Jakub: The latter. I am interested in the exhibition as a whole. The audience’s experience and the environment with its hidden dramaturgy are important to me.

Pavla: In this case, definitely more as a mutual play for the viewers.

How important is narrativity to you—is the work more of a depiction, or does it trigger a process of imagination?

Jakub: When a story is created, images are revealed simultaneously. They shape each other immediately and spontaneously. It’s hard to limit and separate them.

Pavla: Currently, I work a lot with photography, which I edit and collage. But before, I used to paint based on my quick sketches. I would peel off paint, layer it, and repaint the image over and over, so in the end, it was a very imaginative process. I really relate to this way of working.

When you think about the viewer, do you tend to guide them, or do you deliberately leave room for disorientation and personal interpretation?

Pavla: I think about the viewer more during solo exhibitions, where I consistently work on a single theme. But honestly, I realize that my paintings aren’t all that easy to read, so there’s plenty of room for personal interpretation.

Jakub: To guide, to confuse, to let wander, but also to help or to set false trails. I like it when each person has a different experience; I don’t try to make everyone see the same thing. At the same time, I have to make sure the viewers have enough motivation to engage in the shared detective-interpretive game.

Painting and installation—the two media you represent—are historically very different. Do you still see a significant boundary between them today?

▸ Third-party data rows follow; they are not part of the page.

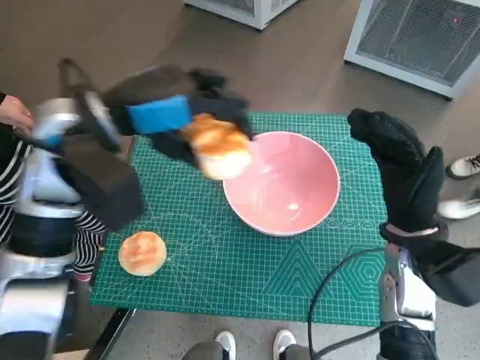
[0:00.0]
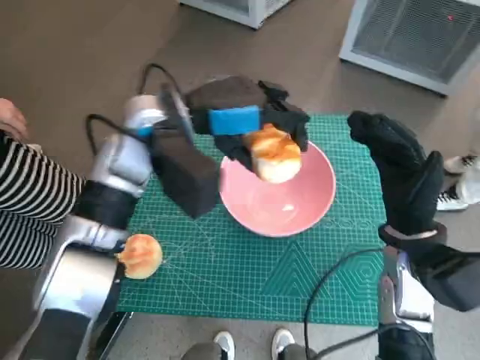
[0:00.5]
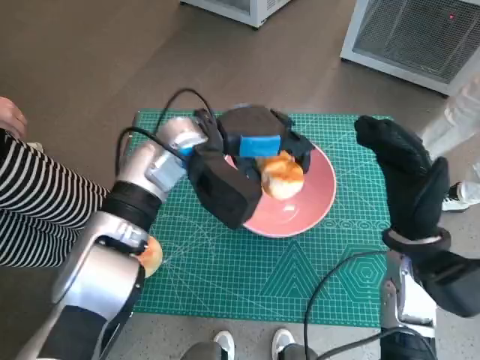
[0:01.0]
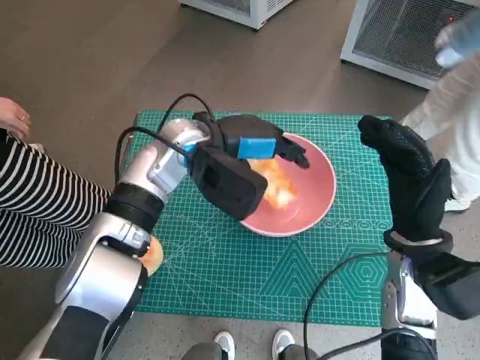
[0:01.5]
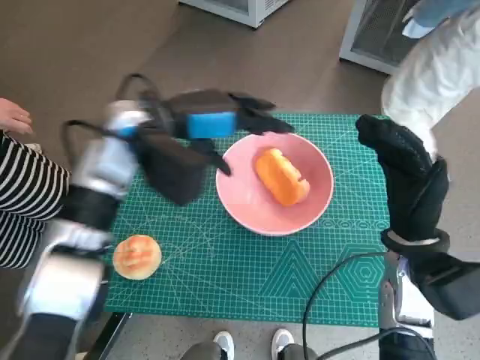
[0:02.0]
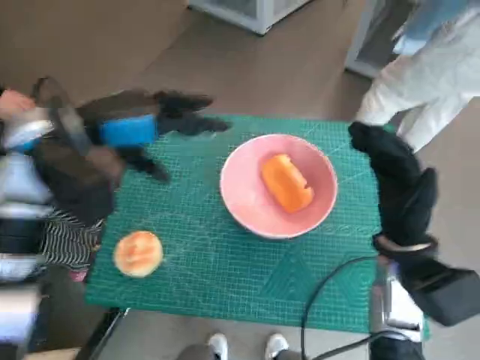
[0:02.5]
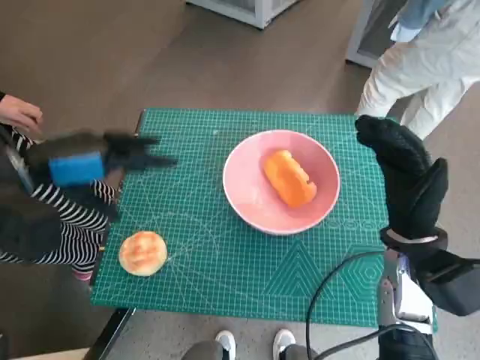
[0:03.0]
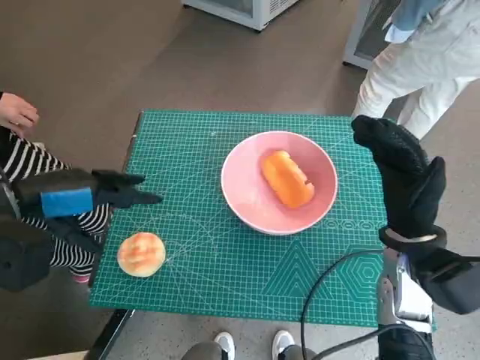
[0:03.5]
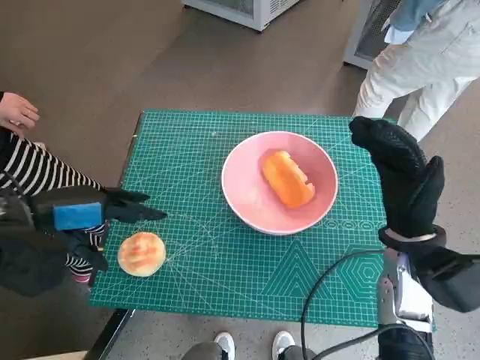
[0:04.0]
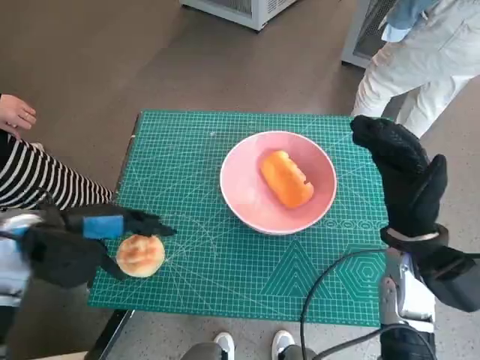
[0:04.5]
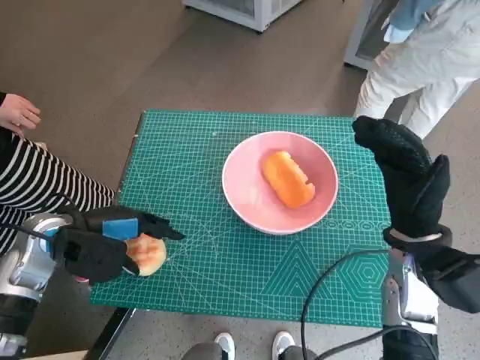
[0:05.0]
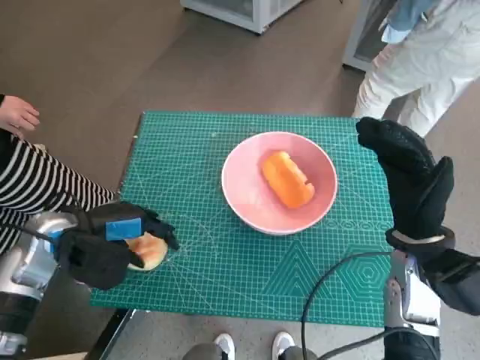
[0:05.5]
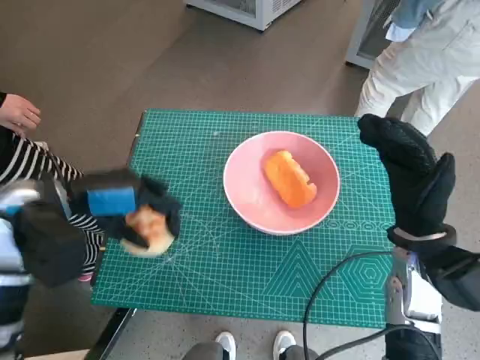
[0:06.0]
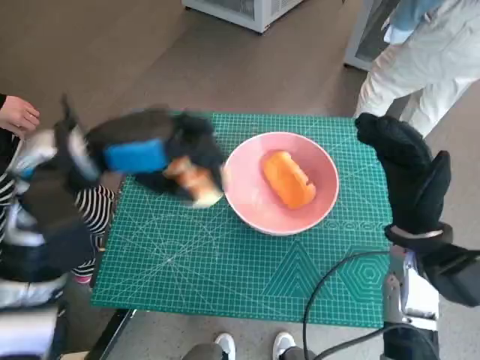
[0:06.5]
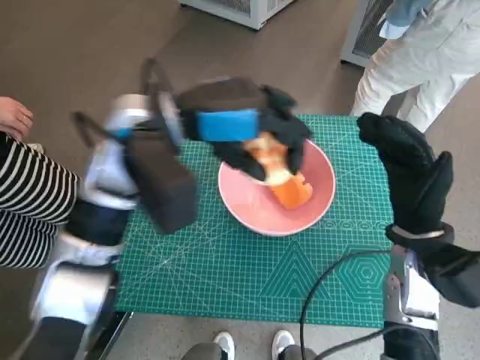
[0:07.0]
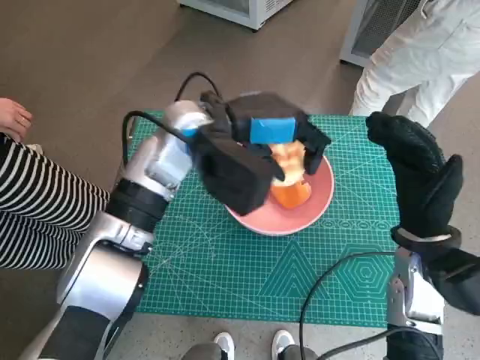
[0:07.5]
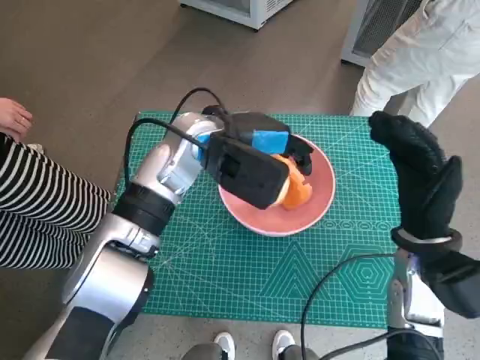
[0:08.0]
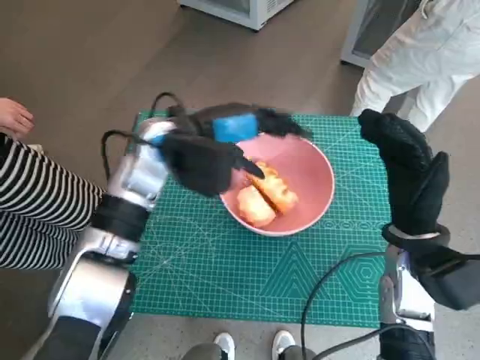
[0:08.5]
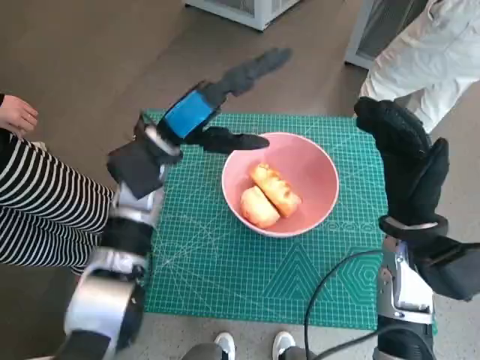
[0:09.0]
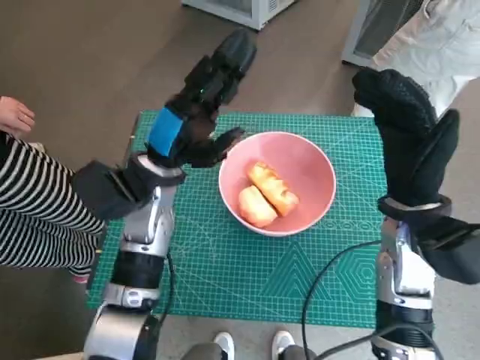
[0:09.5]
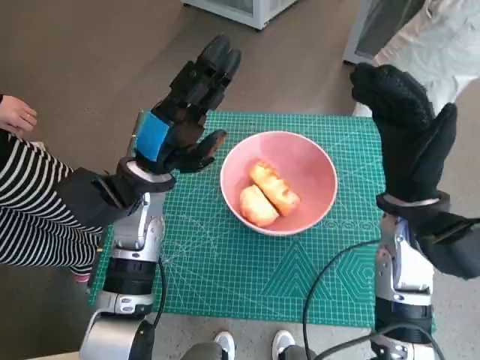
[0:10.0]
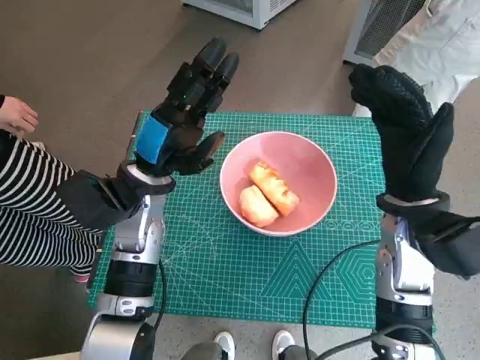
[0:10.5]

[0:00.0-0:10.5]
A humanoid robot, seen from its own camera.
Task of the whole recording: Push the bowl into the center of the table and put the bread into the bowl.
Step, 0:00.0 to 0:02.0: Place the long bread in pink bowl with left hand.
Step, 0:02.5 to 0:05.0: Grasp the round bread with left hand.
Step, 0:06.0 to 0:08.0: Place the round bread in pink bowl with left hand.
0:02.0 to 0:04.0: The left hand shifts approximately 20 cm to the left and backward.
0:04.0 to 0:06.5: The left hand shifts roughly 10 cm to the right.
0:06.5 to 0:08.5: The left hand heads to the right and forward, covering about 10 cm.
0:08.5 to 0:10.5: The left hand heads downward, covering some 5 cm.

Pavla: If they are as playful and visual as Jakub’s video installation and my paintings, I don’t see a boundary between them.

Jakub: I thought video art was already retro, but compared to painting, it’s still technological sci-fi. Galleries struggle with how to turn on the TV and ensure the film plays continuously throughout the exhibition. Logistically, it’s a much bigger hassle than working with painting.

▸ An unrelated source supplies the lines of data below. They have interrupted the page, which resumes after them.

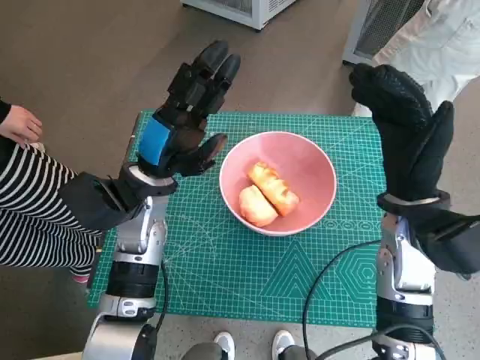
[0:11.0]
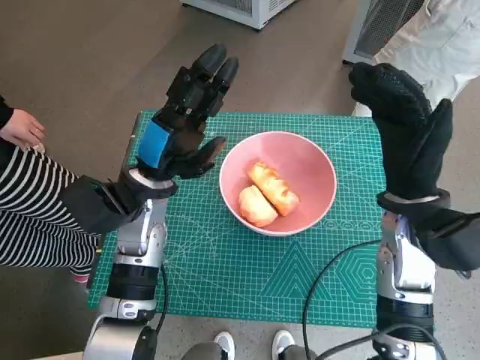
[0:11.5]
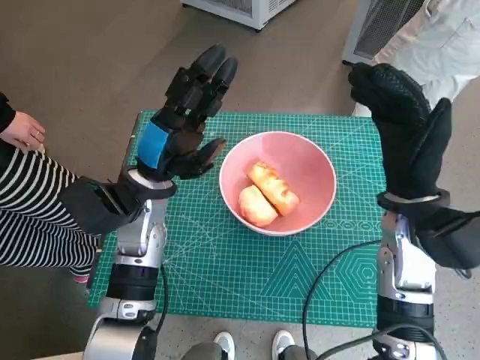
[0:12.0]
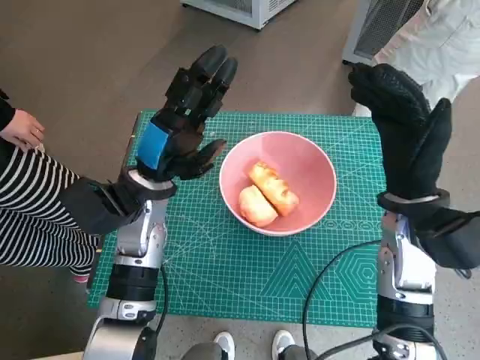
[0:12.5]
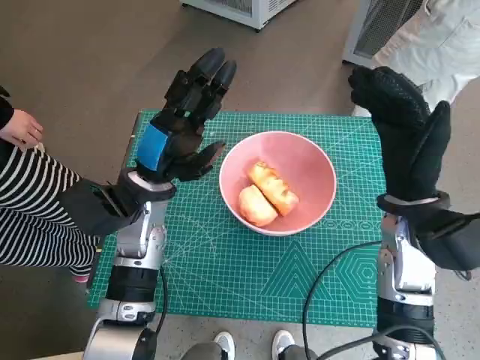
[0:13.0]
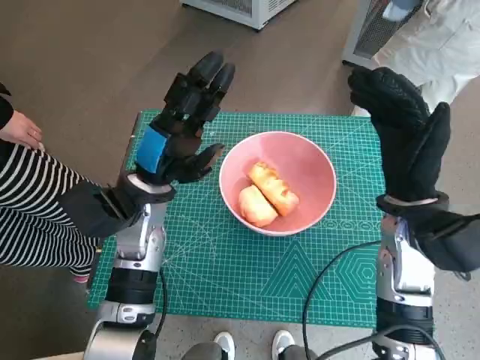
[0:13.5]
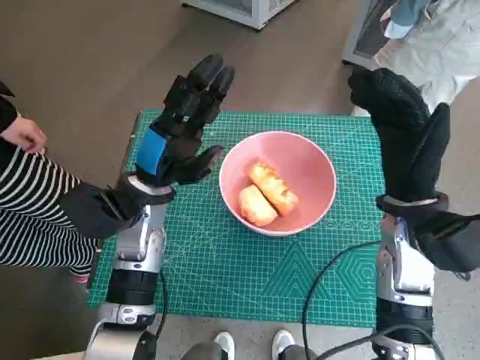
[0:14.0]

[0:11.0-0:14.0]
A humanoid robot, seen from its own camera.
Task of the whole recording: Push the bowl into the center of the table and put the bread into the bowl.
0:11.0 to 0:14.0: Both hands stay put.

How do you incorporate elements of play, irony, or absurdity into your work—and when does seriousness and an existential tone take over?

Pavla: It probably depends on the state I’m in. I really like the element of play and irony. I often hear now: “But your paintings are no longer as playful and funny as they used to be.” Or: “Do you have to keep painting those two lovers over and over again?” And things like that. If I’m relaxed and just paint purely painterly pictures without humor, but also without an existential stance, and only repaint the process of painting, I get bored. I need to alternate between those stances.

Jakub: Ugh, that’s a tough one. That existential anguish is constantly present, but humor helps it to rise up to some form of communication or sharing. Humor is a normative tool; I perceive its political function more than some frivolous lightheartedness. I also notice how it changes strategically and ideologically. Provocation and irony have today been stolen by an extremely conservative world. But that doesn’t mean humor is finished; it must be reinvented for the next stages of the struggle (if I stick to your cycling vocabulary).

What kind of soundtrack do you think should accompany the Gridfall exhibition—if it were turned into a film?

Pavla: I’m not sure, but Vertigo by the French artist Para One was playing in my studio yesterday. Atmospheric music with no crap.

Jakub: The soft bubbling of aquarium fish, paired with the soothing whisper of a home fountain. From time to time, the unbearably loud opening of Blaník—the sixth and final symphonic poem in Smetana’s My Fatherland cycle—would erupt.

And finally: if you had to express in one sentence what a visitor should take away from the Gridfall exhibition, what would it be?

Pavla: Nothing is as it seems.

Jakub: You’ll find out in the Celeryman’s final monologue in the film Pumpkinville.

You can visit the Gridfall exhibition at Laichter House anytime during Prague Art Week25 or during an evening meeting with both artists, which will take place on September 27 at 6 p.m.